We know that ${\displaystyle re+sf}$ is also an integer, hence ${\displaystyle d|(ra+sb)}$.

Suppose ${\displaystyle a,b,d}$ and ${\displaystyle r}$ are integers and ${\displaystyle d|a,d|b}$. Then ${\displaystyle d|(a+b),d|(a-b),}$ and ${\displaystyle d|ra}$.

Proof: Letting ${\displaystyle r=1}$ and ${\displaystyle s=1}$ in Theorem 1 yields ${\displaystyle d|(a+b)}$. Similarly, letting ${\displaystyle r=1}$ and ${\displaystyle s=-1}$ yields ${\displaystyle d|(a-b)}$. Finally, setting s=0, yields ${\displaystyle d|ra}$.

If ${\displaystyle a,b,c}$ are integers and ${\displaystyle a|b,b|c}$ then ${\displaystyle a|c}$.

Proof:

Let us write b as ${\displaystyle b=ad}$ and c as ${\displaystyle c=be}$ for some integers ${\displaystyle d}$ and ${\displaystyle e}$.

It follows that

${\displaystyle c=ade=a\left(de\right)}$, and hence ${\displaystyle a|c}$.

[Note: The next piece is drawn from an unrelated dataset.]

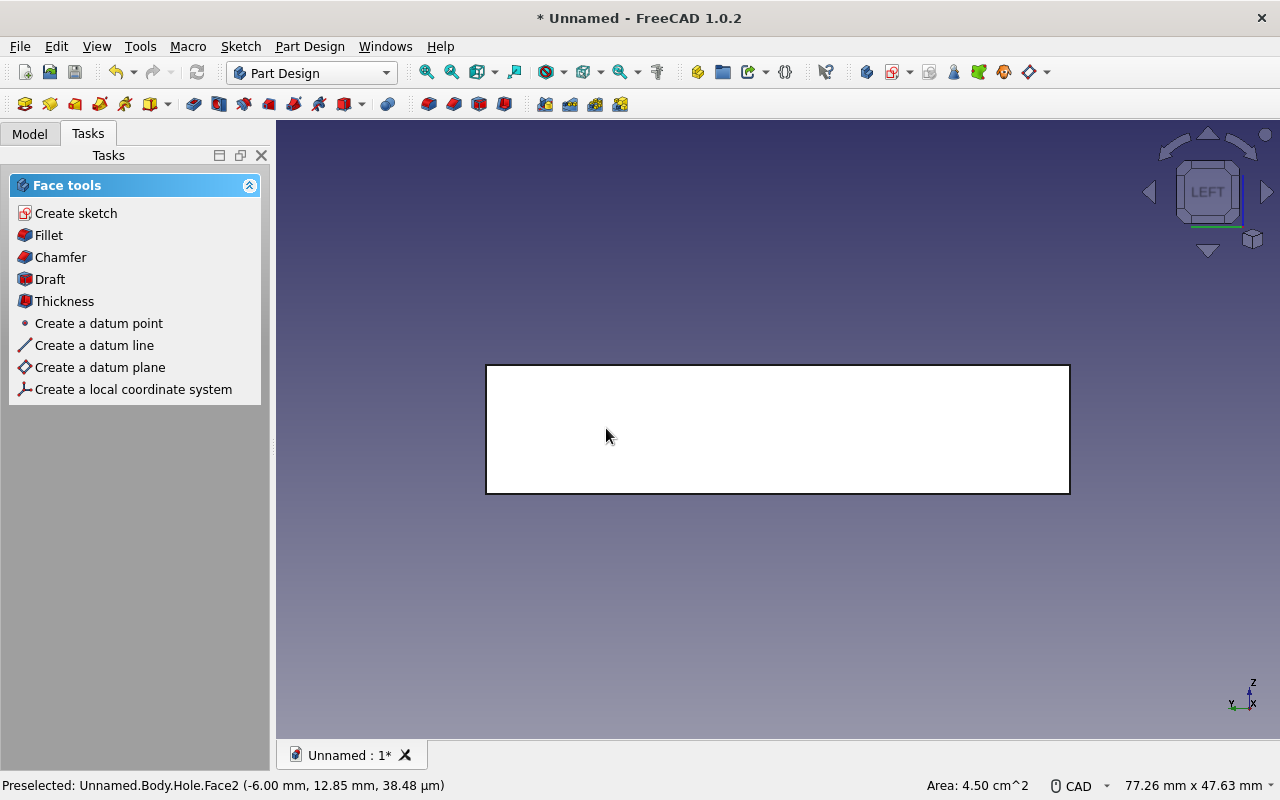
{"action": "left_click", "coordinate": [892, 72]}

If ${\displaystyle a,b,c}$ are integers and ${\displaystyle c\ne 0}$, then ${\displaystyle a|b}$ if and only if ${\displaystyle ac|bc}$

Proof:

${\displaystyle a|b}$ implies that there exists an integer d such that

${\displaystyle b=ad}$

So it follows that

${\displaystyle bc=\left(ac\right)d}$ and hence ${\displaystyle ac|bc}$.

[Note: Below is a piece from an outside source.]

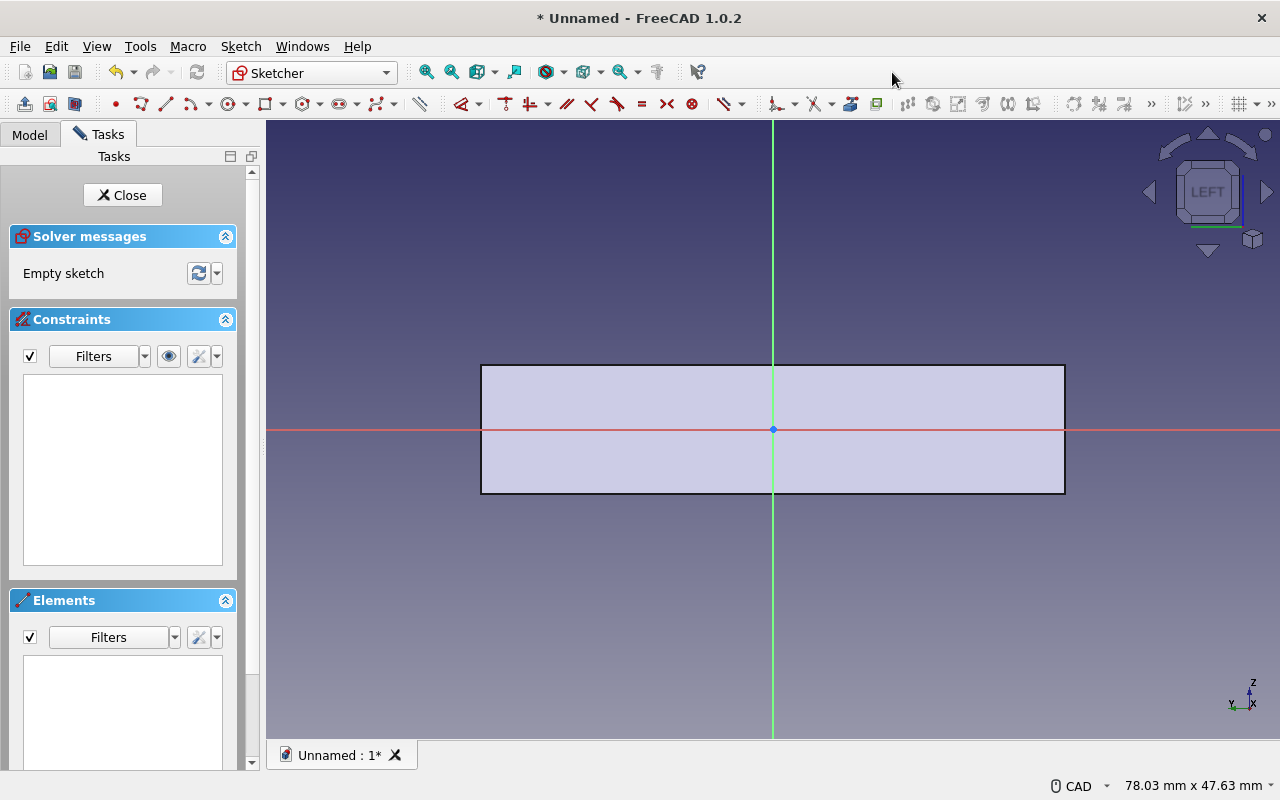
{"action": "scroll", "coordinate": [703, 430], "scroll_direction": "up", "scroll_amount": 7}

For the revese direction, we note that ${\displaystyle ac|bc}$ implies there exists an integer ${\displaystyle d}$ such that

${\displaystyle bc=\left(ac\right)d}$.

We know that c is non-zero, hence

${\displaystyle b=ad}$.

This proves the theorem.

Fundamental Theorem of Arithmetic(FTA)

Every positive integer n is a product of prime numbers.

Proof:

We prove this theorem by contradiction.

Let N be the smallest positive integer that is not a product of prime numbers. Since N has to be composite, it can be written as N = a b with a, b > 1. It is

${\displaystyle 1<a,b<N}$.

We conclude that the theorem is true for a and b because N was the smallest counterexample. Hence there are primes ${\displaystyle p_1,p_2,\dots ,p_k}$ such that

${\displaystyle a=p_1{p}_2\cdots p_k}$

and primes ${\displaystyle q_1,q_2,\dots ,q_l}$ such that

${\displaystyle b=q_1{q}_2\cdots q_l}$.

Hence

${\displaystyle N=ab=p_1{p}_2\cdots p_k{q}_1{q}_2\cdots q_l}$,

which is a contradiction.

Alternative Proof:

This is an inductive proof.

The statement is true for ${\displaystyle N=2}$

Suppose the statement is true for all ${\displaystyle k\le N}$

${\displaystyle N+1}$ is either composite or prime. If ${\displaystyle N+1}$ is prime, then the statement is true for ${\displaystyle k=N+1}$

If ${\displaystyle N+1}$ is composite, then ${\displaystyle N+1}$ is divisible by some prime, ${\displaystyle p<N+1}$, so ${\displaystyle k=N+1}$ can be written as a product of ${\displaystyle p}$ and some number ${\displaystyle <N+1}$.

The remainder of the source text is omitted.